🤖 AI Summary
Existing polymer representation methods predominantly rely on monomer-level descriptors, neglecting global conformational structural information and lacking a general-purpose foundation model supporting diverse downstream tasks.
Method: We propose PolyConFM—the first conformation-centric polymer foundation model—unifying polymer modeling and design via generative pretraining. It innovatively incorporates local conformational sequences and orientation transformations into a conditional generation framework, leveraging molecular dynamics simulations, masked autoregressive modeling, and local conformation decomposition to construct a high-quality conformational dataset.

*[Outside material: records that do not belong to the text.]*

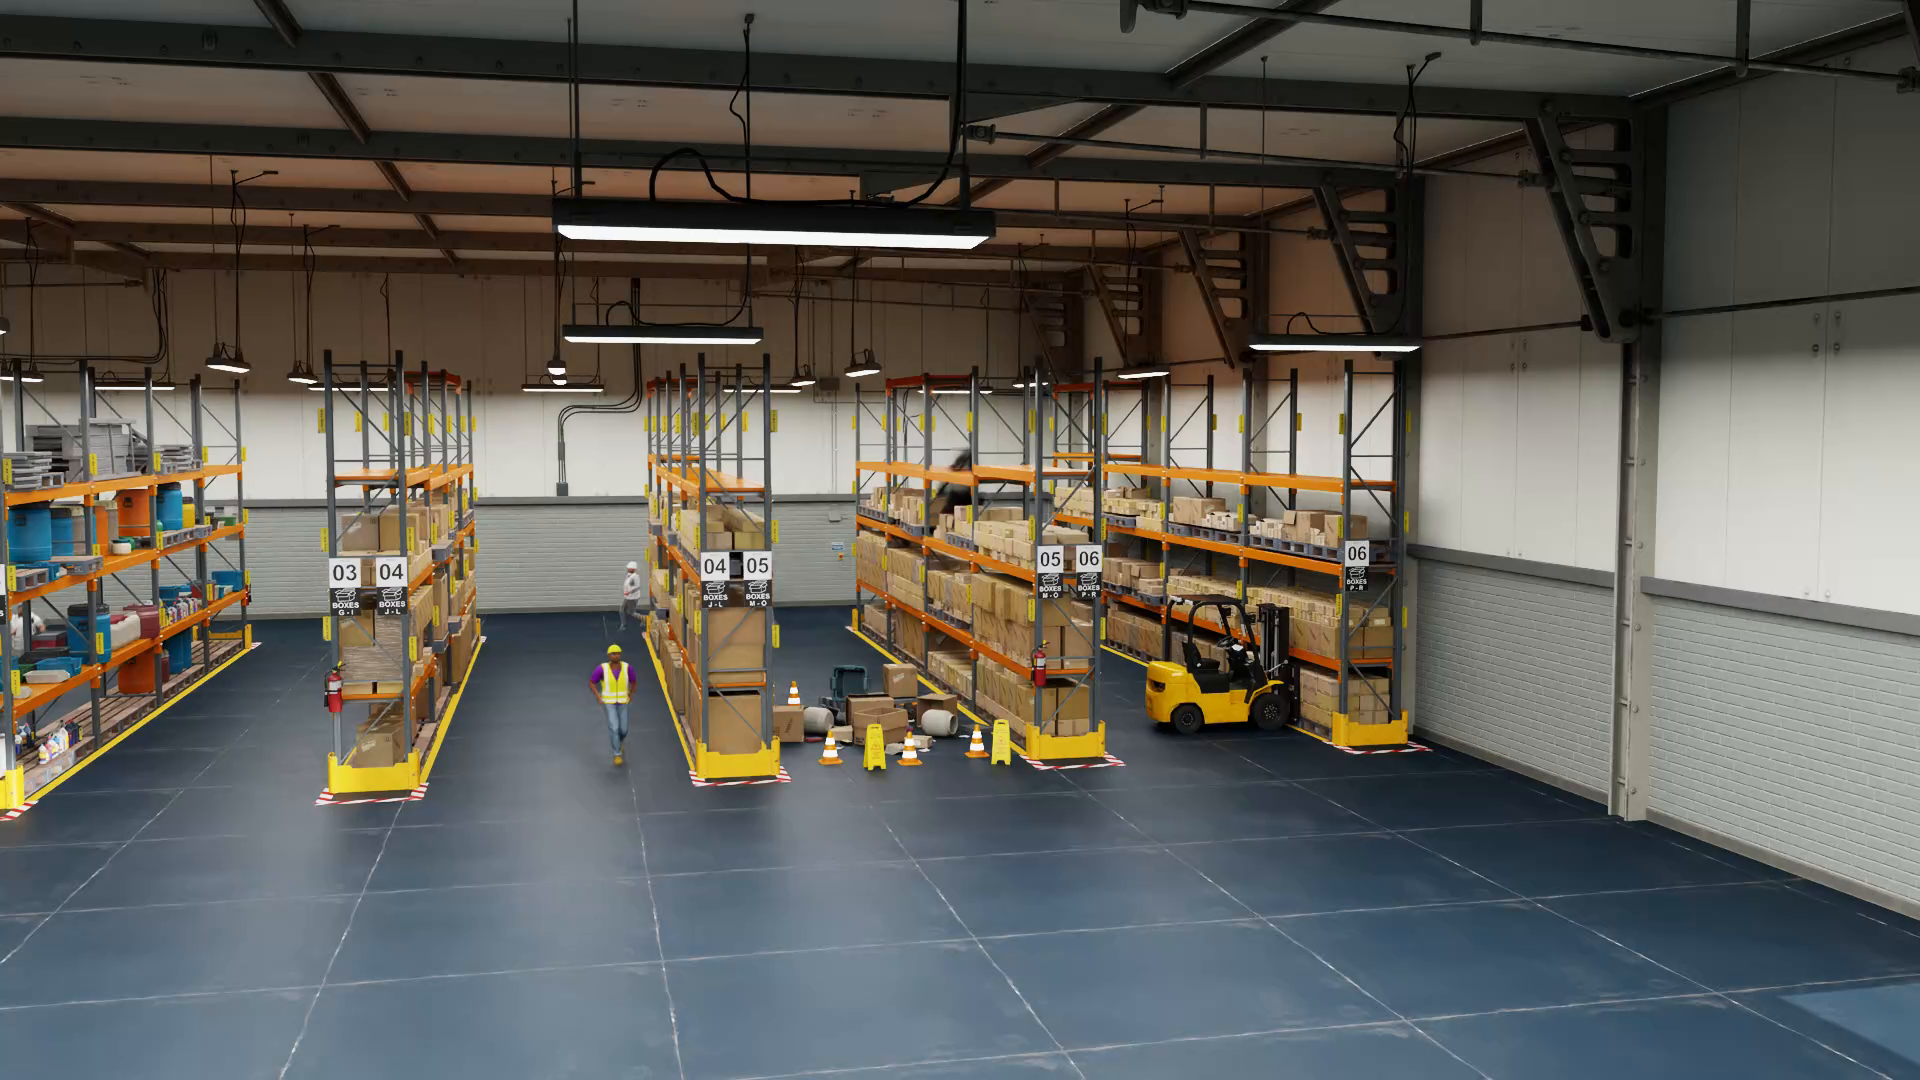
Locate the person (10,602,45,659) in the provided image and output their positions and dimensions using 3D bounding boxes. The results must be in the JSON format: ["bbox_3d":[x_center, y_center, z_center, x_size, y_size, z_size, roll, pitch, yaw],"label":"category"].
[{"bbox_3d":[-17.197,1.967,30.536,0.663,1.761,0.967,-1,4,-20],"label":"person"}]

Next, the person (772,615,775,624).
[{"bbox_3d":[-4.954,1.313,41.057,0.777,1.805,0.624,-1,4,-9],"label":"person"}]

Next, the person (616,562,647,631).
[{"bbox_3d":[-7.871,1.375,40.201,0.765,1.734,0.738,-2,5,-28],"label":"person"}]

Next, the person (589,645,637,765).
[{"bbox_3d":[-5.131,2.418,24.673,0.708,1.746,0.714,-2,4,-22],"label":"person"}]

Contribution/Results: Extensive experiments demonstrate that PolyConFM significantly outperforms task-specific methods across multiple downstream applications—including property prediction and inverse design—exhibiting strong generalization capability and cross-task versatility. PolyConFM establishes a new paradigm for intelligent polymer discovery and development.
📝 Abstract
Polymers, macromolecules formed from covalently bonded monomers, underpin countless technologies and are indispensable to modern life. While deep learning is advancing polymer science, existing methods typically represent the whole polymer solely through monomer-level descriptors, overlooking the global structural information inherent in polymer conformations, which ultimately limits their practical performance. Moreover, this field still lacks a universal foundation model that can effectively support diverse downstream tasks, thereby severely constraining progress. To address these challenges, we introduce PolyConFM, the first polymer foundation model that unifies polymer modeling and design through conformation-centric generative pretraining. Recognizing that each polymer conformation can be decomposed into a sequence of local conformations (i.e., those of its repeating units), we pretrain PolyConFM under the conditional generation paradigm, reconstructing these local conformations via masked autoregressive (MAR) modeling and further generating their orientation transformations to recover the corresponding polymer conformation. Besides, we construct the first high-quality polymer conformation dataset via molecular dynamics simulations to mitigate data sparsity, thereby enabling conformation-centric pretraining. Experiments demonstrate that PolyConFM consistently outperforms representative task-specific methods on diverse downstream tasks, equipping polymer science with a universal and powerful tool.